(Data records)
"""

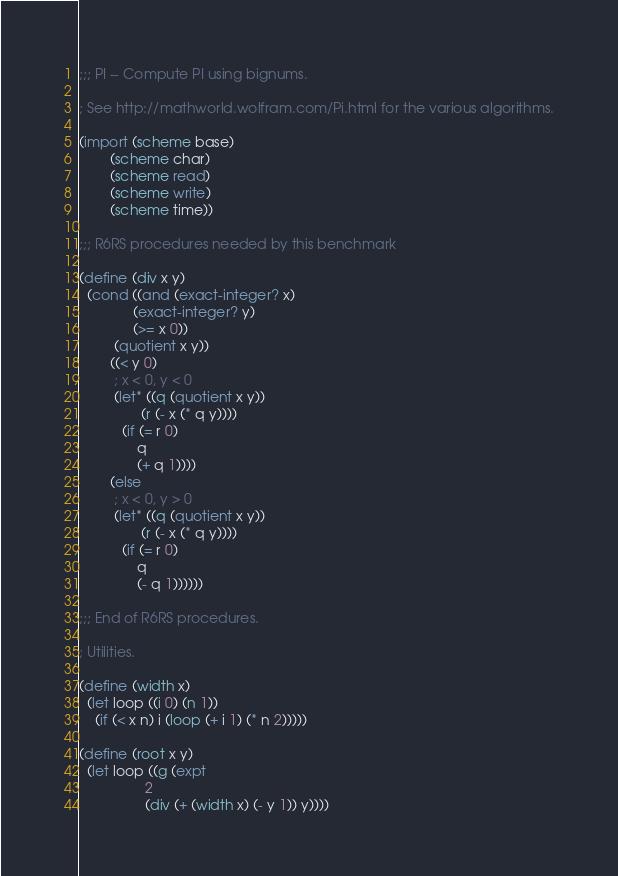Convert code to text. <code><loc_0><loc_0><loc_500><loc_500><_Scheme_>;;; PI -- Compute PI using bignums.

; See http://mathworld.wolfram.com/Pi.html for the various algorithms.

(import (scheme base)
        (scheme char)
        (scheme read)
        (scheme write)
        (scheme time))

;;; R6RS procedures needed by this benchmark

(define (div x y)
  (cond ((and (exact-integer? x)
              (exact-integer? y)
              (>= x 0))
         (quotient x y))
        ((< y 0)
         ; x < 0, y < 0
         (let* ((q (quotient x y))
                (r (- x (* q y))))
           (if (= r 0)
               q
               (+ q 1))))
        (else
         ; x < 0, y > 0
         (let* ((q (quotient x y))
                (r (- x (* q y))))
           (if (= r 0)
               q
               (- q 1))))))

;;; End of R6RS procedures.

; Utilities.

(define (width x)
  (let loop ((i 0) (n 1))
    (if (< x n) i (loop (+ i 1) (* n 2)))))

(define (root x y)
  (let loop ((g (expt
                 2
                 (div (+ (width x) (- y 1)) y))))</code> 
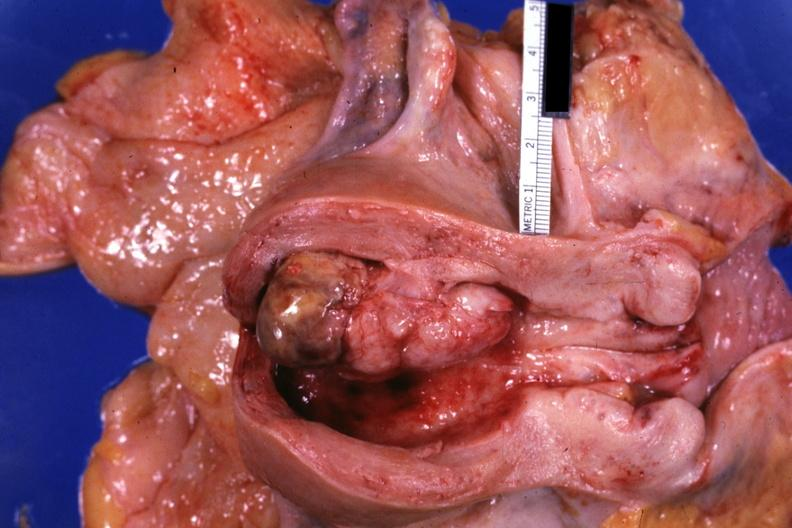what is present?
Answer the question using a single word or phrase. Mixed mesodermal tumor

"""

Exercise details >> Starting at the line that contains "(scheme write)", restate every line through the end of the records exactly as written, but leave the pictures out.

Task answer >>
        (scheme write)
        (scheme time))

;;; R6RS procedures needed by this benchmark

(define (div x y)
  (cond ((and (exact-integer? x)
              (exact-integer? y)
              (>= x 0))
         (quotient x y))
        ((< y 0)
         ; x < 0, y < 0
         (let* ((q (quotient x y))
                (r (- x (* q y))))
           (if (= r 0)
               q
               (+ q 1))))
        (else
         ; x < 0, y > 0
         (let* ((q (quotient x y))
                (r (- x (* q y))))
           (if (= r 0)
               q
               (- q 1))))))

;;; End of R6RS procedures.

; Utilities.

(define (width x)
  (let loop ((i 0) (n 1))
    (if (< x n) i (loop (+ i 1) (* n 2)))))

(define (root x y)
  (let loop ((g (expt
                 2
                 (div (+ (width x) (- y 1)) y))))</code> 
what is present?
Answer the question using a single word or phrase. Mixed mesodermal tumor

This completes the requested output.